TL'DE DEĞER KAYBI ENFLASYONU KÖRÜKLÜYOR
Reuters, Türkiye'nin daha sadece 17 yıl önce hiperenflasyonla mücadele eden bir ülke olduğu için fiyat baskılarının ekonominin hassas bir noktası olduğunu vurguluyor.
Türkiye İstatistik Kurumu'nun (TÜİK) bugün açıkladığı verilere göre Eylül ayında enflasyon yüzde 11,75 olarak gerçekleşti.
Reuters'a göre faiz oranlarının enflasyonun altında seyretmesi, yabancı yatırımcıya yeterli teşviği sunamıyor. Fiyat artışının kontrol edilememesi de cari açık verildiği için TL'nin daha da değer kaybetmesinde rol oynuyor.
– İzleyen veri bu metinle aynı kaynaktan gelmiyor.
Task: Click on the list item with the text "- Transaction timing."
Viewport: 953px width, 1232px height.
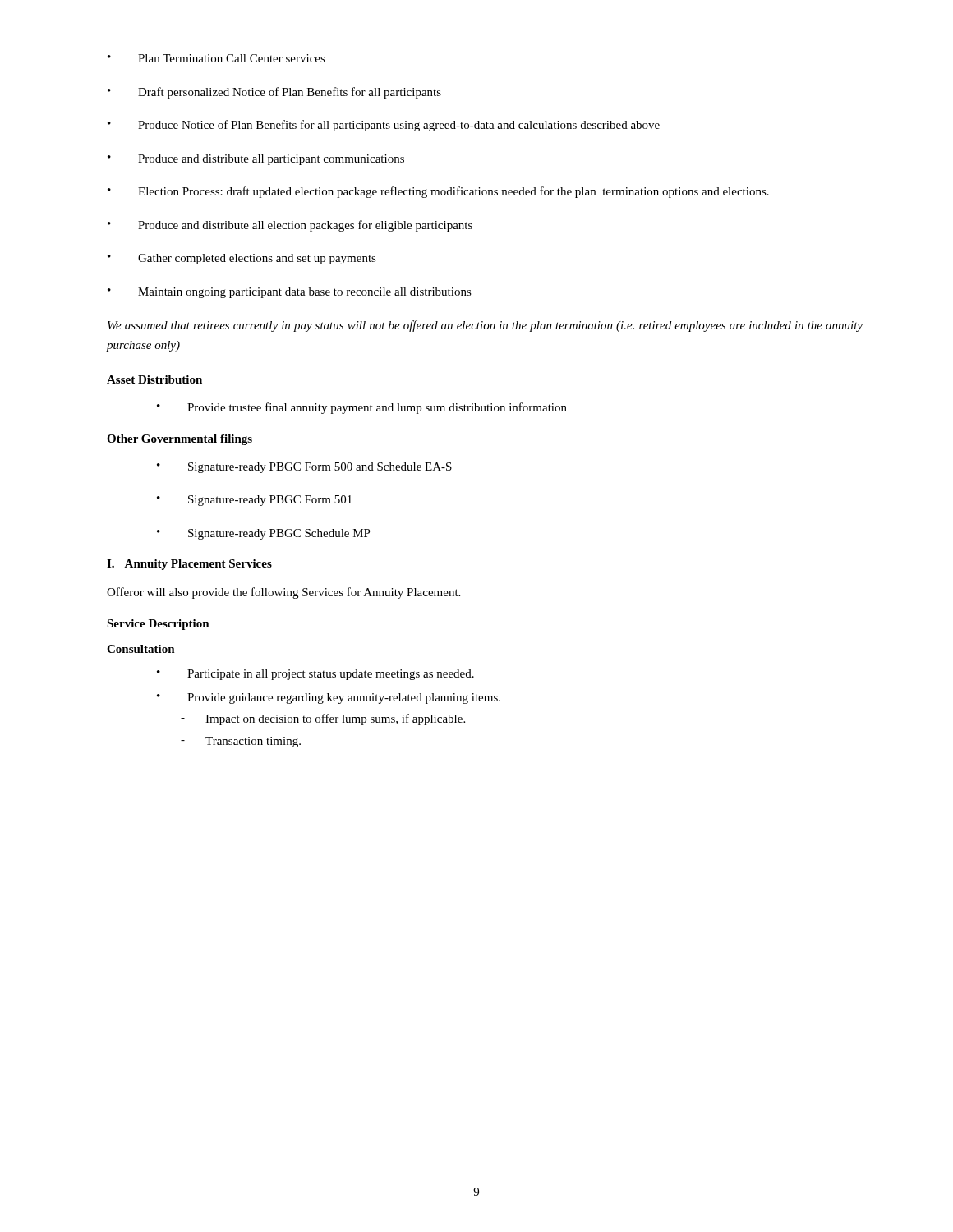Action: [x=241, y=742]
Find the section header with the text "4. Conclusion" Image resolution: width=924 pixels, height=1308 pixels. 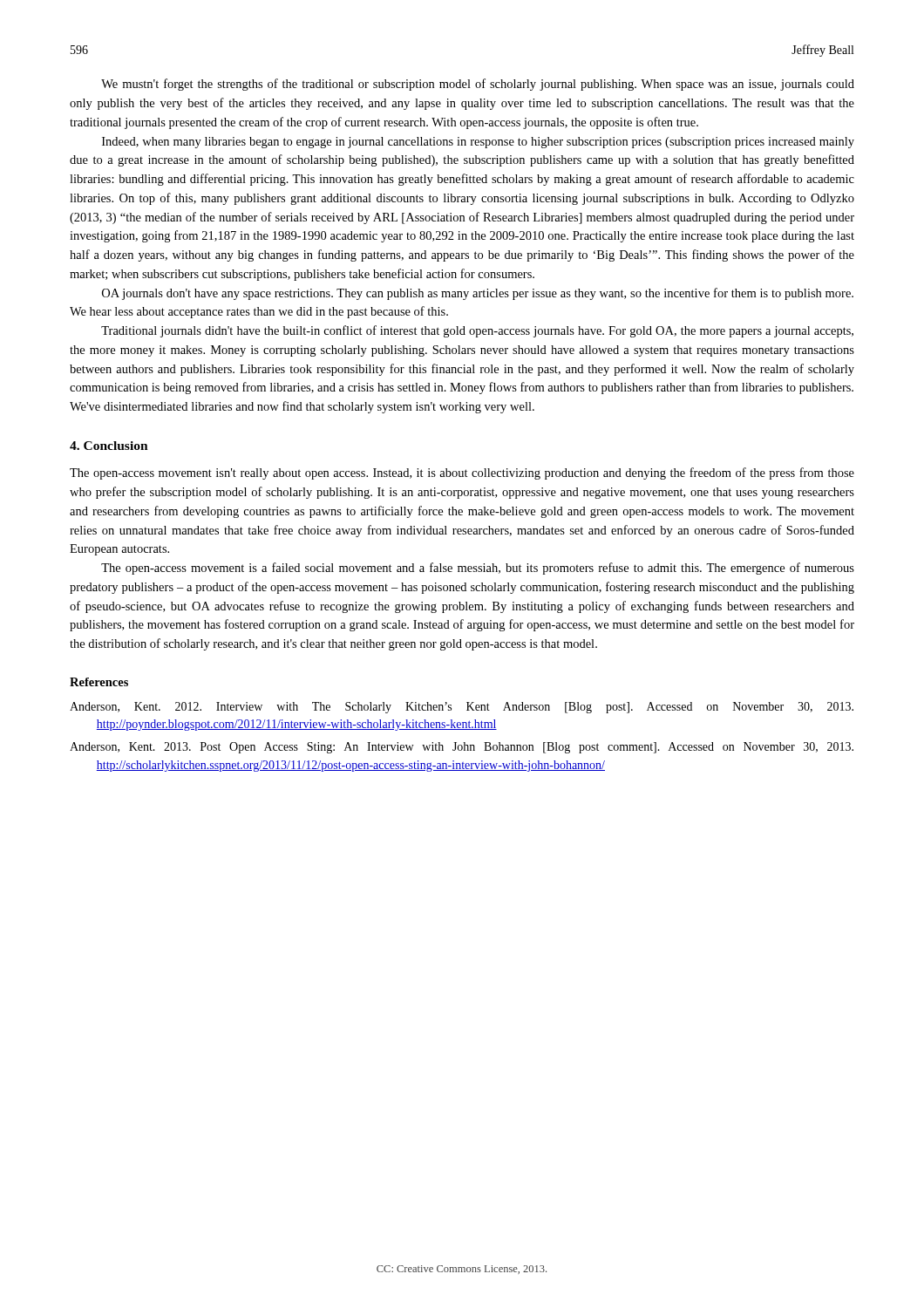click(109, 445)
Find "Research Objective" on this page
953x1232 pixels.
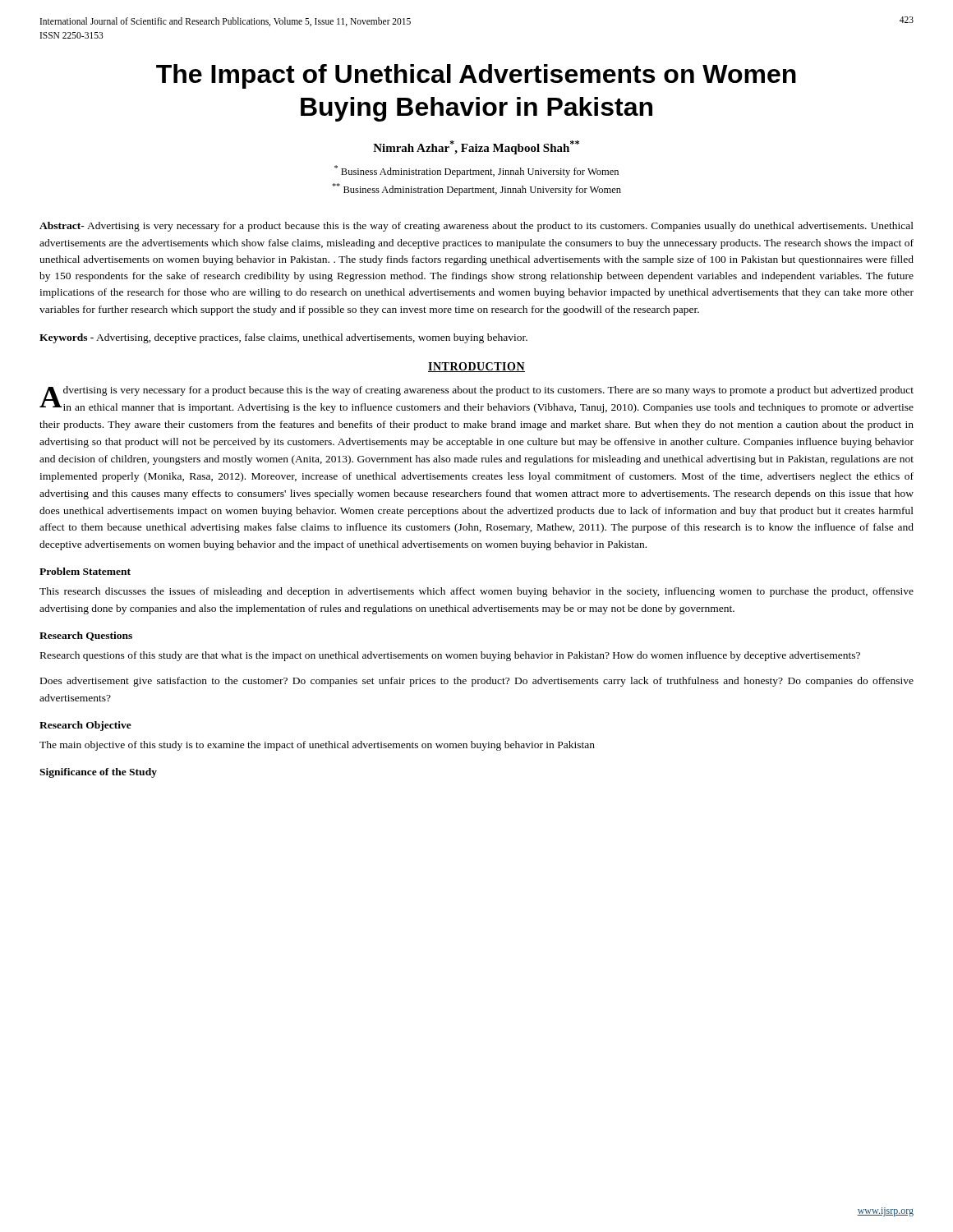click(85, 725)
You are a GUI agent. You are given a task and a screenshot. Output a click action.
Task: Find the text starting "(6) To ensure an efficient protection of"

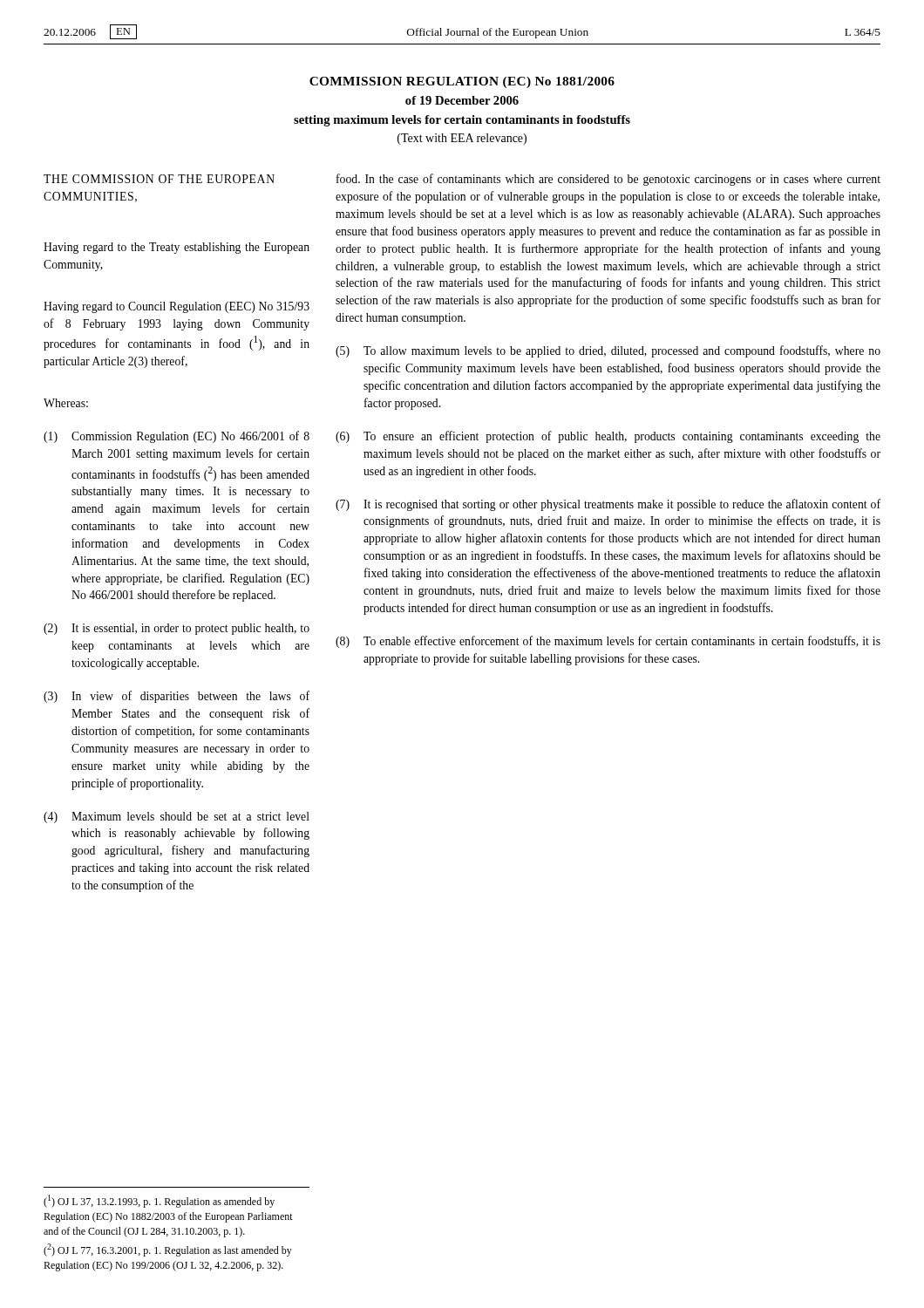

Yatırım bankası Goldman Sachs'tan Kevin Daly, müşterilere gönderdiği notunda, "TL'deki değer kaybının enflasyondaki artışın ana belirleyicisi olmasını bekliyoruz" dedi.
Daly ayrıca geçen ay çekirdek enflasyon verisinin artış hızının düşük gelmesinde vergi indirimlerinin rol oynamış olabileceğini aktardı.
Ekonomi yönetimi uzun süre, enflasyona neden olduğu gerekçesiyle faiz arttırmamış, TL'nin dolar karşısında tutunabilmesini sağlayacak bu silahı kullanmamıştı. Dolar karşısında TL'nin aşırı değer kaybetmesi enflasyonun yükselmesine de neden oldu.
TÜRKİYE PETROL FİYATLARINDA DÜŞÜŞTEN YARARLANAMIYOR
Küresel petrol fiyatları yılın başından beri yüzde 40 düşse de TL'deki değer kaybı Türkiye'nin bu durumdan yararlanmasını engelliyor.
Petrol fiyatlarının düşmesi petrol ithal eden ülkelere bir nefes alma fırsatı verse de TL'nin değer kaybının artmasıyla Türkiye'nin bu durumdan sağlayabileceği fayda düşüyor.
Dünya Bankası'nın verilerine göre 2019 sonunda Türkiye'nin ithalatının GSYH'ye oranı yüzde 30 oldu; bunun yüzde 8'ini yakıt ithalatı oluşturuyor.
100 MİLYAR DOLARA RAĞMEN DOLAR FRENLENEMEDİ
Doların TL karşısındaki yükselişini frenlemek için Merkez Bankası, kamu bankaları eliyle piyasaya 100 milyar dolardan fazla para aktardı. Faiz silahını kullanmama politikasında ısrarın sonucu Merkez Bankasının rezervleri erirken, doların ateşi de bir türlü düşürülemedi.
2019 yılı başında 5.15 lira seviyesinde olan dolar, 2020’de 7.20 liraya kadar dayandı. Kur 100 milyar doları bulan MB müdahalesine rağmen rekor üstüne rekor kırdı. 2019’dan bu yana rekor seviyeye bakıldığında TL’nin yüzde 40 değer kaybettiği görülüyor.